Moscow White House – If Only Walls Could Talk
Flicking through my Moscow guidebook last month, I was pleased to be reminded that Moscow has its very own White House. Moscow’s Белый Дом is a governmental building and is the official workplace of the Russian Prime Minister. Like Washington’s White House, the Moscow version gained its name from its pasty exterior, and apparently any reference to the US building of the same name is purely coincidental, or so my Russian friends have told me. I personally was disappointed to find out that the building’s design wasn’t entirely inspired by Russia’s taste for one-upmanship, but there we are: you’ll have to come up with your own jokes about that gift of providence.
This building, however, has its own story to tell. I had come across the Moscow White House in history classes at school and anyone with a vague interest in recent political history will also be familiar with its role in the dramatic events of autumn 1993. In fact it is 23 years ago this week that images of the White House were shown in the media across the world as Russia faced its Autumn Constitutional Crisis.
Events came to a head on 21st September 1993, when then-President Boris Yeltsin decided to dissolve the Parliament, which was housed at the time in the White House. The Parliament found Yeltsin’s actions to be unconstitutional and declared the President impeached. After days of protesting in the streets from Russians opposing the dissolution of the Supreme Soviet, many protesters barricaded themselves inside the White House along with members of the Parliament. Little did they know how bloody their political protest was about to become.

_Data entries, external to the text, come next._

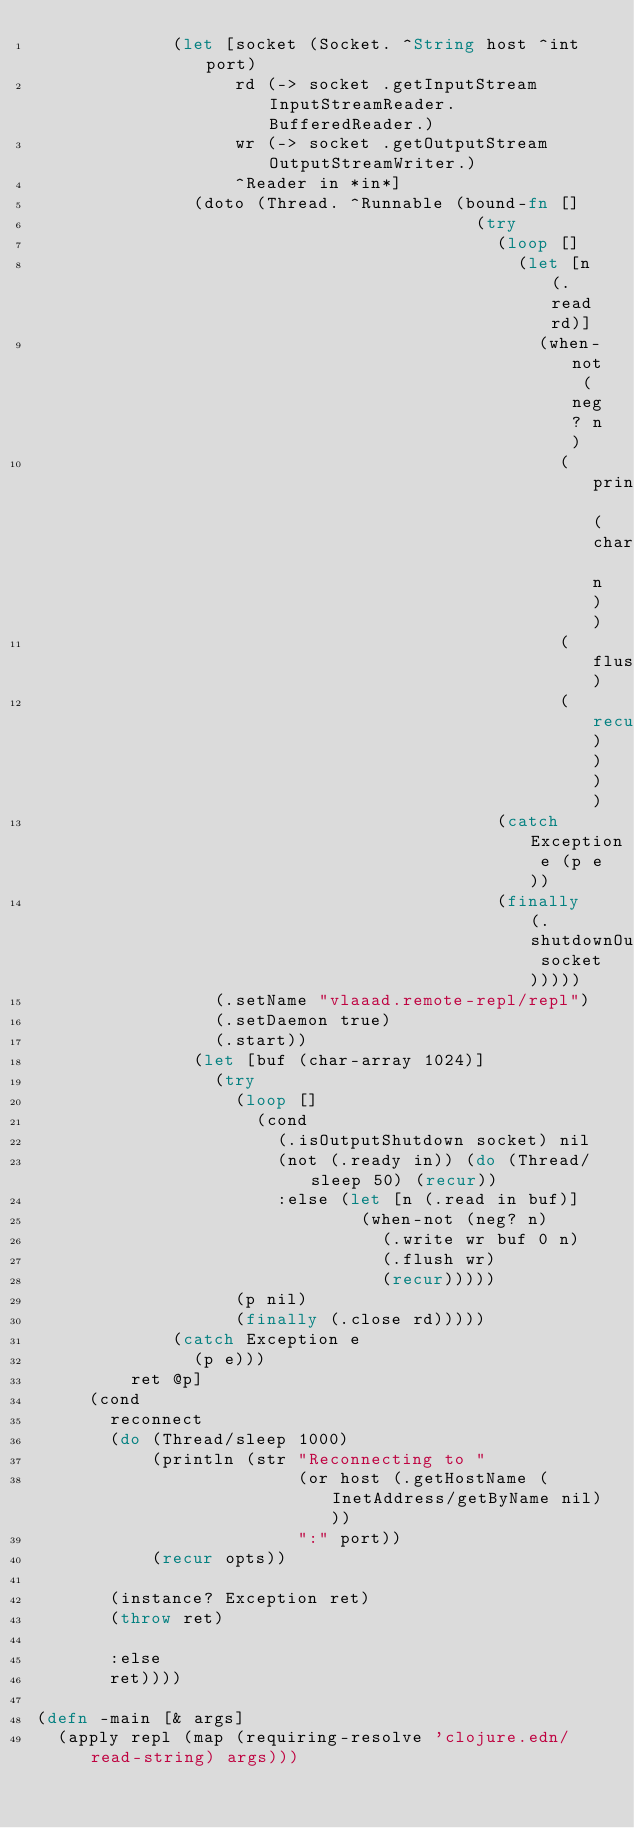<code> <loc_0><loc_0><loc_500><loc_500><_Clojure_>             (let [socket (Socket. ^String host ^int port)
                   rd (-> socket .getInputStream InputStreamReader. BufferedReader.)
                   wr (-> socket .getOutputStream OutputStreamWriter.)
                   ^Reader in *in*]
               (doto (Thread. ^Runnable (bound-fn []
                                          (try
                                            (loop []
                                              (let [n (.read rd)]
                                                (when-not (neg? n)
                                                  (print (char n))
                                                  (flush)
                                                  (recur))))
                                            (catch Exception e (p e))
                                            (finally (.shutdownOutput socket)))))
                 (.setName "vlaaad.remote-repl/repl")
                 (.setDaemon true)
                 (.start))
               (let [buf (char-array 1024)]
                 (try
                   (loop []
                     (cond
                       (.isOutputShutdown socket) nil
                       (not (.ready in)) (do (Thread/sleep 50) (recur))
                       :else (let [n (.read in buf)]
                               (when-not (neg? n)
                                 (.write wr buf 0 n)
                                 (.flush wr)
                                 (recur)))))
                   (p nil)
                   (finally (.close rd)))))
             (catch Exception e
               (p e)))
         ret @p]
     (cond
       reconnect
       (do (Thread/sleep 1000)
           (println (str "Reconnecting to "
                         (or host (.getHostName (InetAddress/getByName nil)))
                         ":" port))
           (recur opts))

       (instance? Exception ret)
       (throw ret)

       :else
       ret))))

(defn -main [& args]
  (apply repl (map (requiring-resolve 'clojure.edn/read-string) args)))</code> 
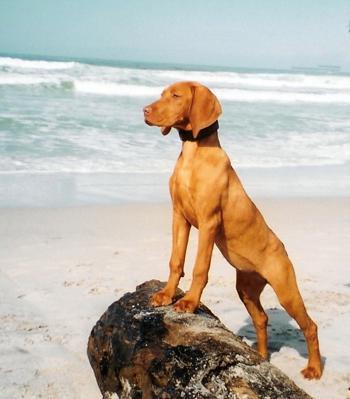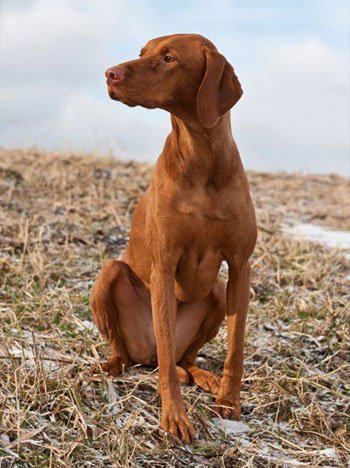The first image is the image on the left, the second image is the image on the right. Assess this claim about the two images: "One image shows two dogs with the same coloring sitting side-by-side with their chests facing the camera, and the other image shows one dog in a standing pose outdoors.". Correct or not? Answer yes or no. No. The first image is the image on the left, the second image is the image on the right. Given the left and right images, does the statement "The left image contains exactly two dogs." hold true? Answer yes or no. No.

Thirteen years ago today, October 4th, the army, under Yeltsin’s influence and instruction, stormed the building, having first fired shells from tanks at the top floors to create disorder and confusion. The marble-clad building, once the colour of milk, was now blackened and burnt, branded by this day. Looking at the building now, rebuilt and gleaming like snow, it seems as if this day is ancient history; a moment at the very beginning of the Russian Federation’s rebirth. But along the grassy banks leading to it from Krasnopresnenskaya Station are memorials, red ribbons tied to trees and crosses stuck in the mud: reminders that this, the deadliest street fighting in Russia since the 1917 Revolution, is recent history with many living witnesses.
Remembering What Has Passed
The 90s were a volatile and unstable time in Russia, and the Russia we know today is a result of the country’s having survived through to the Millennium. Strolling through Moscow, one is confronted at every step by a piece of history, be it by a famous building, the home of an historical figure or a place used for a scene in a book. But walking around the periphery of the White House, along the Krasnopresnenskaya embankment and through the park behind it, I was humbled to see the backdrop of something I had studied all those miles away in England, somewhere whose history is ignored by many visitors in favour of more touristic landmarks. I do often wonder: if Moscow walls could talk, what would they say?